Find each line in the following listing that has the string "degrees", then state the count and nothing else.

↓

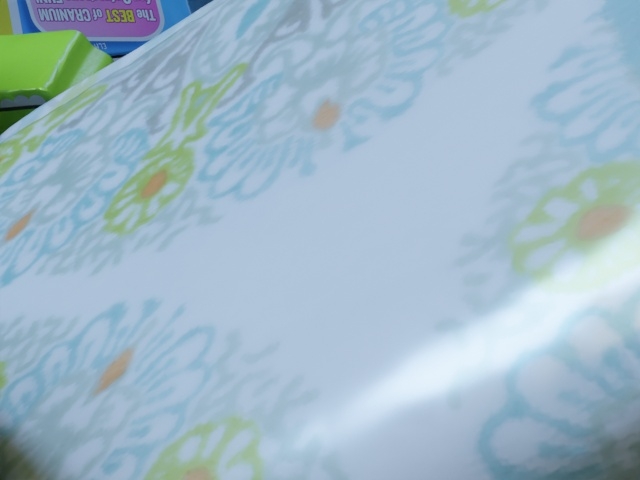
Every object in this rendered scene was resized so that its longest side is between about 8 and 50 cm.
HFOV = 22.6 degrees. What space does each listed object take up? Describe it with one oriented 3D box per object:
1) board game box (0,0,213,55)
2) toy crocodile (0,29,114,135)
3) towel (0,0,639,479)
[{"bbox_3d":[-0.183,-0.198,1.039,0.316,0.064,0.242,-2,36,24],"label":"board game box"},{"bbox_3d":[-0.273,-0.058,0.857,0.340,0.105,0.115,-6,35,12],"label":"toy crocodile"},{"bbox_3d":[0.000,0.000,0.570,0.320,0.090,0.374,-32,29,15],"label":"towel"}]
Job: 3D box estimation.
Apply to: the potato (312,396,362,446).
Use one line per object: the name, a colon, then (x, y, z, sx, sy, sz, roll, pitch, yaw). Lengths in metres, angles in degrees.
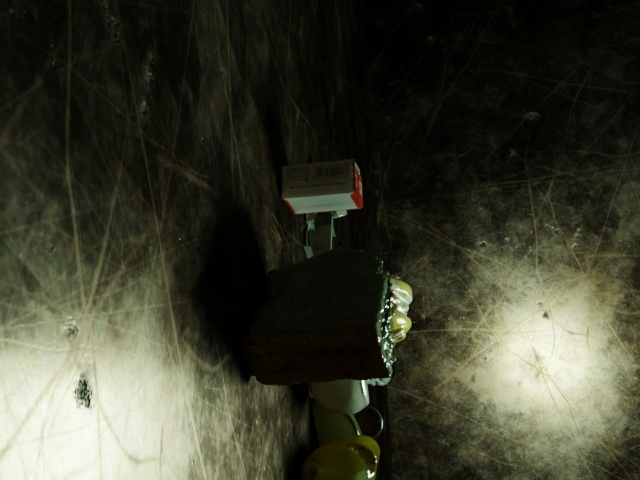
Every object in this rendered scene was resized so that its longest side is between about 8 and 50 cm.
potato: (0.062, 0.537, 1.975, 0.255, 0.112, 0.269, 41, 40, -82)

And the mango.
mango: (0.055, 0.536, 1.723, 0.262, 0.167, 0.129, -26, 105, -67)

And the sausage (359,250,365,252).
sausage: (0.131, 0.195, 2.552, 0.102, 0.102, 0.330, -58, 144, -73)

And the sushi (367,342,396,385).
sushi: (0.146, 0.339, 2.403, 0.182, 0.197, 0.343, -110, -170, -45)

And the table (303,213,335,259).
table: (0.000, 0.000, 2.000, 0.175, 0.063, 0.146, 76, 14, -56)

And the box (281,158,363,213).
box: (0.007, -0.131, 1.741, 0.133, 0.182, 0.099, 45, 42, -70)

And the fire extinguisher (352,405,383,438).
fire extinguisher: (0.115, 0.549, 2.255, 0.344, 0.102, 0.138, 106, -33, -76)

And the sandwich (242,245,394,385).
sandwich: (0.011, 0.136, 1.430, 0.325, 0.262, 0.131, -76, 158, -60)

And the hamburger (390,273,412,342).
hamburger: (0.124, 0.206, 2.110, 0.303, 0.261, 0.186, 39, 50, -52)

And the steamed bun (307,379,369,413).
steamed bun: (0.033, 0.319, 1.813, 0.232, 0.145, 0.231, -12, 90, -87)

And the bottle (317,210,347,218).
bottle: (0.019, -0.137, 2.090, 0.099, 0.099, 0.152, -38, 119, -78)

↑

**Written answer:** 2